WHAT IS NEEDED
Once the line containing "31) books [447,295,459,318]" is found in the entries below, reproduce it and every line after it, stopping at and including the line containing "56) books [507,297,518,320]"; reproduce nothing else, and keep each line exact.

MATERIAL FOR THIS TASK
_ _ _ _ _

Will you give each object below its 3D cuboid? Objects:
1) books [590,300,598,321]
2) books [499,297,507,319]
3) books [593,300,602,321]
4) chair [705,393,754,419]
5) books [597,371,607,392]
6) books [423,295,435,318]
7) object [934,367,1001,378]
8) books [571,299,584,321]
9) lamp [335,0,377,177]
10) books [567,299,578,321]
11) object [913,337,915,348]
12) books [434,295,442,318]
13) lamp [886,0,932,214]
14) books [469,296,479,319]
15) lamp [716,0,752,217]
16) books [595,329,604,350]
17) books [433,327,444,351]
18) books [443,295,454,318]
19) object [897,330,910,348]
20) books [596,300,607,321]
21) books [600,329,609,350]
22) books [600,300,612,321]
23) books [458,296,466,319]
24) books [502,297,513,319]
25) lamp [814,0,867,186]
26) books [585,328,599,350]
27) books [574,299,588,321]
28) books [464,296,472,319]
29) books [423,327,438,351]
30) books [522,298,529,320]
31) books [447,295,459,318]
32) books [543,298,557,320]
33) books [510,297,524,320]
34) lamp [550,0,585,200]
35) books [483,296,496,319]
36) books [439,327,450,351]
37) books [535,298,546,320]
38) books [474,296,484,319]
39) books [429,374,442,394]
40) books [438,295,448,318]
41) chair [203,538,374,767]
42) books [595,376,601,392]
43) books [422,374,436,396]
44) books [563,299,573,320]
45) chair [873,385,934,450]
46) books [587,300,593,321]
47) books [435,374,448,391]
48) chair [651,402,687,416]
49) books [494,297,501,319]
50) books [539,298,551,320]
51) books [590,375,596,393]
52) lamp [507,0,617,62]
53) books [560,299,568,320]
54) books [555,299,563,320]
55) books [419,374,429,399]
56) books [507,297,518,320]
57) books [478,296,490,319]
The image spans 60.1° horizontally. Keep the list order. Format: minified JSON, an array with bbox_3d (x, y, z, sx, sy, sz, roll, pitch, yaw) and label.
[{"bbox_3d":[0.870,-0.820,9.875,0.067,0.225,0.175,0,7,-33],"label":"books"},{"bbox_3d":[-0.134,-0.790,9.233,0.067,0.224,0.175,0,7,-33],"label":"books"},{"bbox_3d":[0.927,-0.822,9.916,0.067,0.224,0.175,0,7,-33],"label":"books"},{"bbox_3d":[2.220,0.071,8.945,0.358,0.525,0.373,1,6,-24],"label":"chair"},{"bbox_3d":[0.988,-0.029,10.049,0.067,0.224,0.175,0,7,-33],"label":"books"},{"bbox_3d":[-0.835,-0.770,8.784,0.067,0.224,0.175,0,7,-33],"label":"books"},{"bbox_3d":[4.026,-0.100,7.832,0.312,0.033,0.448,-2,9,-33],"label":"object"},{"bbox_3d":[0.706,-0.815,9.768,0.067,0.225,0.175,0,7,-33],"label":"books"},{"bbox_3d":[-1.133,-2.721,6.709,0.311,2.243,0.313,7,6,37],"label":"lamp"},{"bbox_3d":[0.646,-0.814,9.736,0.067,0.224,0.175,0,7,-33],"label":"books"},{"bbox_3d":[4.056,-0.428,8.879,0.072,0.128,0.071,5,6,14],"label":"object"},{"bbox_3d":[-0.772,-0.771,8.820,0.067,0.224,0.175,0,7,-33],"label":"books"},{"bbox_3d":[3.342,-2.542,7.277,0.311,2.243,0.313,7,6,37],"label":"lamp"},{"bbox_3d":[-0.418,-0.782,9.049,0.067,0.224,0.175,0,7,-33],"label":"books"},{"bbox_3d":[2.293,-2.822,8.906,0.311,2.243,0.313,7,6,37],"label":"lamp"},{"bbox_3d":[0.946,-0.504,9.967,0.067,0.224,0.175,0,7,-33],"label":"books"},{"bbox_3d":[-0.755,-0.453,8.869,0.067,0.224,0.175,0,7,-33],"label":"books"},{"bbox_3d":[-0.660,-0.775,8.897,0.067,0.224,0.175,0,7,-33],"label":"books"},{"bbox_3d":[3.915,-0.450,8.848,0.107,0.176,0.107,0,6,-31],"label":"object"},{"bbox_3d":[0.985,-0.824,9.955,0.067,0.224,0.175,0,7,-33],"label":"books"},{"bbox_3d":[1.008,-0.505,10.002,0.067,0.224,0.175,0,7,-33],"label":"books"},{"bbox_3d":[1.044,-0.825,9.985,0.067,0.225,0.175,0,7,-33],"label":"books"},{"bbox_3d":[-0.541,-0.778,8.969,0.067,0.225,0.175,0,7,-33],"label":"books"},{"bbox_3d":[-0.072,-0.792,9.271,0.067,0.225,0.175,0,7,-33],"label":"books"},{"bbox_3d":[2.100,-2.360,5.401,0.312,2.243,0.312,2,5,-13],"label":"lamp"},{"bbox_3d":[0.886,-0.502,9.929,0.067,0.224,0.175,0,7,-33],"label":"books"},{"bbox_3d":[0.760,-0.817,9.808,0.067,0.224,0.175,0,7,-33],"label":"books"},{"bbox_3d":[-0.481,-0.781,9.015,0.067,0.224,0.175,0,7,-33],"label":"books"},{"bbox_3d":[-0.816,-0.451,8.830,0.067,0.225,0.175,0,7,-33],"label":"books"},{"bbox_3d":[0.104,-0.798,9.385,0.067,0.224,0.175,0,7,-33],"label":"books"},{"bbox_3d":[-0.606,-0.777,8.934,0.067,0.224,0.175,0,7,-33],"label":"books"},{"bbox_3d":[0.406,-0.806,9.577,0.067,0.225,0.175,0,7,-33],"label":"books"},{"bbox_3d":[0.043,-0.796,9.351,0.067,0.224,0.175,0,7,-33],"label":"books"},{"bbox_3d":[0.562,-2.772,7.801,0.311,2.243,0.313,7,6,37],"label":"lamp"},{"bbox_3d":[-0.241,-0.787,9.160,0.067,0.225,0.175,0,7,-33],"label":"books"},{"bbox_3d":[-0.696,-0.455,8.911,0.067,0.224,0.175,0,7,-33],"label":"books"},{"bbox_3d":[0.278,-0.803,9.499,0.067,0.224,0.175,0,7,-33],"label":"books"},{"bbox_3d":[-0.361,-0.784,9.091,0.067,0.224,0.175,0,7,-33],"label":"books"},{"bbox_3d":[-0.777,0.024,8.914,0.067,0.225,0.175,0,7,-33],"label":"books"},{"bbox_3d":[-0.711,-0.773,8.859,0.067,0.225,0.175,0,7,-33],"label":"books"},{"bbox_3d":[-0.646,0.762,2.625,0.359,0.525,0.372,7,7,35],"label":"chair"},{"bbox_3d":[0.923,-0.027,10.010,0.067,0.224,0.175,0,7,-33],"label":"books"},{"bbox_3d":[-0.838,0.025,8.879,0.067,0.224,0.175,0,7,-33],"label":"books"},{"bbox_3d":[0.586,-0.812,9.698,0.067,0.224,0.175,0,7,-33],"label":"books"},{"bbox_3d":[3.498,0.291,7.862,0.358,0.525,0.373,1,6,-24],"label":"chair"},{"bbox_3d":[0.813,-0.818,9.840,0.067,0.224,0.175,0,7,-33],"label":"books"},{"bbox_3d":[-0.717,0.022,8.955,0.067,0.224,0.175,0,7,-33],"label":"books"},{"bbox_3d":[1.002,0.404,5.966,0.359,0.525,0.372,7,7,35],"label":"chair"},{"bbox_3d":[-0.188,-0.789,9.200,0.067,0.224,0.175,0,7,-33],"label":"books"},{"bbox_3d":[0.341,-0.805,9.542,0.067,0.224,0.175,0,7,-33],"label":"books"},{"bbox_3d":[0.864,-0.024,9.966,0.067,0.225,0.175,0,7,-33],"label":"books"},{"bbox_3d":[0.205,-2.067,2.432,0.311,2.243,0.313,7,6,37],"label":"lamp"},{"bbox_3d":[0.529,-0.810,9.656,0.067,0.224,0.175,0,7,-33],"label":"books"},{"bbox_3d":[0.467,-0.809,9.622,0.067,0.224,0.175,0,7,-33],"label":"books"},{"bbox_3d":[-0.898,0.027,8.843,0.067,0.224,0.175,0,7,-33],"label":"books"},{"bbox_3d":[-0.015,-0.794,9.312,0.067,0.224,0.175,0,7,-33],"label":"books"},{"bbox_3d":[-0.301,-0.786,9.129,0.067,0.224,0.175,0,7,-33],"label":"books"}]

_ _ _ _ _

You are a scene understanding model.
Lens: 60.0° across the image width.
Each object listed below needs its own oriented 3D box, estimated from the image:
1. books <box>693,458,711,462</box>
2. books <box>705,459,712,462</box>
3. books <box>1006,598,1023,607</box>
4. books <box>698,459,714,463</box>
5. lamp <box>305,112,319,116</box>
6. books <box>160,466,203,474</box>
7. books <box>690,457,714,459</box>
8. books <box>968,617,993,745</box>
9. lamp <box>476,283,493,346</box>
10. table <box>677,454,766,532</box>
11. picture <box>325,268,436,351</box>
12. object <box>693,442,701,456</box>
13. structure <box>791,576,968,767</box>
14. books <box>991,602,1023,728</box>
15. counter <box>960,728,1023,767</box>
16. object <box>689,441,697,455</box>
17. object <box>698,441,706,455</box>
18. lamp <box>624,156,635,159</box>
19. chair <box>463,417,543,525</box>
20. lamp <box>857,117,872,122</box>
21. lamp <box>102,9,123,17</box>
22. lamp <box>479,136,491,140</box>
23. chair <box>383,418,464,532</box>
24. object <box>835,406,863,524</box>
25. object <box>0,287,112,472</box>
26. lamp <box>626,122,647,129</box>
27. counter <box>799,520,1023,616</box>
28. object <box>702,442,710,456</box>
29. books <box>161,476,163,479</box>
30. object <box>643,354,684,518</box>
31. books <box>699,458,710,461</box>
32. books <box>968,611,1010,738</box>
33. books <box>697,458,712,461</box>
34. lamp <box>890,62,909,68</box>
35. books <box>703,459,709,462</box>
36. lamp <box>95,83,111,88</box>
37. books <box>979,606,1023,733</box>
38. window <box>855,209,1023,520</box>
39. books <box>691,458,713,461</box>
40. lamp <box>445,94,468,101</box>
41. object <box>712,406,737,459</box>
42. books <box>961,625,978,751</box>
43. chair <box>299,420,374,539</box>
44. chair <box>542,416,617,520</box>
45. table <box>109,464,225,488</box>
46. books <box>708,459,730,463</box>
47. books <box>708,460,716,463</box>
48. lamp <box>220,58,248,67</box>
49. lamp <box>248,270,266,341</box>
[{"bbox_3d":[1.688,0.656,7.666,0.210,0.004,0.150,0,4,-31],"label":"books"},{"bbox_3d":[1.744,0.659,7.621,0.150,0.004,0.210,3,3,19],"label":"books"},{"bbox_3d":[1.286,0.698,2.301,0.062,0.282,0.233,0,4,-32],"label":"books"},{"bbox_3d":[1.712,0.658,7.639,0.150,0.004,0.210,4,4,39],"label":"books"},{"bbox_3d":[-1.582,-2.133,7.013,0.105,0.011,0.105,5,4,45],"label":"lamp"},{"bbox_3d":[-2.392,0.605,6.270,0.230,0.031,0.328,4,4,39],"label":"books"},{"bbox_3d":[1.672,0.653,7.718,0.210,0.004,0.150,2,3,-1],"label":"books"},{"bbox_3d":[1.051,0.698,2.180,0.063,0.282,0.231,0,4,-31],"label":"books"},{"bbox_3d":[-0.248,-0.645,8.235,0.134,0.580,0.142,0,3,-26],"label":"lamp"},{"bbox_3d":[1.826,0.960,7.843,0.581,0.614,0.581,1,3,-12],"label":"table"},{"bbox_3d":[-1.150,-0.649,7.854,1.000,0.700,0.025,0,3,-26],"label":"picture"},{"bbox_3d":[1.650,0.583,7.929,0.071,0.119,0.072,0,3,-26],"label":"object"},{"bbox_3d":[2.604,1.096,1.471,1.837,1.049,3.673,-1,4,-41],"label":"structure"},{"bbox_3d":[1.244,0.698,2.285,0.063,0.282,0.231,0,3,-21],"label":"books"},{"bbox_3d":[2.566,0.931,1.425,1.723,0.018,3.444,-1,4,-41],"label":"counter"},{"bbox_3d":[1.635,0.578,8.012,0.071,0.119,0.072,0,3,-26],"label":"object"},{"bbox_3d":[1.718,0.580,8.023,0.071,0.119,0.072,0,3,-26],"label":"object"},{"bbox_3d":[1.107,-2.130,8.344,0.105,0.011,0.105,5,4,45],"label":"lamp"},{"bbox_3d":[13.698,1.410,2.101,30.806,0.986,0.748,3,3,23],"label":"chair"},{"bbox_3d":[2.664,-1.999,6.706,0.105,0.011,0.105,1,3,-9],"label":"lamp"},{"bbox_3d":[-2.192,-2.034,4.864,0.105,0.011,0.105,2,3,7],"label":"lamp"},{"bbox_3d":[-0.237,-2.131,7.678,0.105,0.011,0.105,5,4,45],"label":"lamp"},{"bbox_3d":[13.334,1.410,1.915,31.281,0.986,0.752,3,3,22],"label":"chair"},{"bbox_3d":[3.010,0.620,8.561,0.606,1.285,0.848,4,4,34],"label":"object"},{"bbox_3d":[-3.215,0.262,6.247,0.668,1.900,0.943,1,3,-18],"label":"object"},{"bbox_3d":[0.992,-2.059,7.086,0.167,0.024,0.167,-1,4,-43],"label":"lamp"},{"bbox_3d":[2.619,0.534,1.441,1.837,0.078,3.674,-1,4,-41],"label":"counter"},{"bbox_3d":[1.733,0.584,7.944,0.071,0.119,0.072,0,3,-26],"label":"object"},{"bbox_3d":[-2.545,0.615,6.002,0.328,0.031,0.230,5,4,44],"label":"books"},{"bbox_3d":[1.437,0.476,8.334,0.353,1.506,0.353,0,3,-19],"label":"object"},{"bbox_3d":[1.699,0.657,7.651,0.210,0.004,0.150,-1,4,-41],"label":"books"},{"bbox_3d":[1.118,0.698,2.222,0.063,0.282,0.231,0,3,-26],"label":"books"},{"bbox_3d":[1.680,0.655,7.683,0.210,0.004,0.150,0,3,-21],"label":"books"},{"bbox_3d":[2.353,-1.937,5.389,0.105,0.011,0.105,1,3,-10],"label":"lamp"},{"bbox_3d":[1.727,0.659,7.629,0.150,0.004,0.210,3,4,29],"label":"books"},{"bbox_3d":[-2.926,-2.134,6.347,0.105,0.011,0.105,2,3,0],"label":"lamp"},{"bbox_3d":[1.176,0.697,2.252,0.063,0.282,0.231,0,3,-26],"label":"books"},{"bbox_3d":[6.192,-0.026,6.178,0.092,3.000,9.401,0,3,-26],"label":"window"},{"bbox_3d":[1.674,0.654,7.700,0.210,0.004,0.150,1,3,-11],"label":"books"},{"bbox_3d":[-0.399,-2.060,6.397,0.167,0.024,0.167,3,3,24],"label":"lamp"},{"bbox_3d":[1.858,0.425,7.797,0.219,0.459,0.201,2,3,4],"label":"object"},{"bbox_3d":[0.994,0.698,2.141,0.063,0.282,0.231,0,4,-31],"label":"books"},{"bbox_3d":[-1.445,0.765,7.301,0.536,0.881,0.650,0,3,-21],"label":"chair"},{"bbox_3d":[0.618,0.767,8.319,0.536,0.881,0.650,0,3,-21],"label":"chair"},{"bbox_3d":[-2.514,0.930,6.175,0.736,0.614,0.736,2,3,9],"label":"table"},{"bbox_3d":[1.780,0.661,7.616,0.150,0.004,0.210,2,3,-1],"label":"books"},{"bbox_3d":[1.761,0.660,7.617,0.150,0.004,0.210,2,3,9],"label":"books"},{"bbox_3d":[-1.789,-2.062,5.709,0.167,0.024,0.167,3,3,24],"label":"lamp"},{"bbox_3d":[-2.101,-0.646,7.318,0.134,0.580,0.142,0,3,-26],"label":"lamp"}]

_ _ _ _ _

SOLUTION FOR THIS TASK
31) books [447,295,459,318]
32) books [543,298,557,320]
33) books [510,297,524,320]
34) lamp [550,0,585,200]
35) books [483,296,496,319]
36) books [439,327,450,351]
37) books [535,298,546,320]
38) books [474,296,484,319]
39) books [429,374,442,394]
40) books [438,295,448,318]
41) chair [203,538,374,767]
42) books [595,376,601,392]
43) books [422,374,436,396]
44) books [563,299,573,320]
45) chair [873,385,934,450]
46) books [587,300,593,321]
47) books [435,374,448,391]
48) chair [651,402,687,416]
49) books [494,297,501,319]
50) books [539,298,551,320]
51) books [590,375,596,393]
52) lamp [507,0,617,62]
53) books [560,299,568,320]
54) books [555,299,563,320]
55) books [419,374,429,399]
56) books [507,297,518,320]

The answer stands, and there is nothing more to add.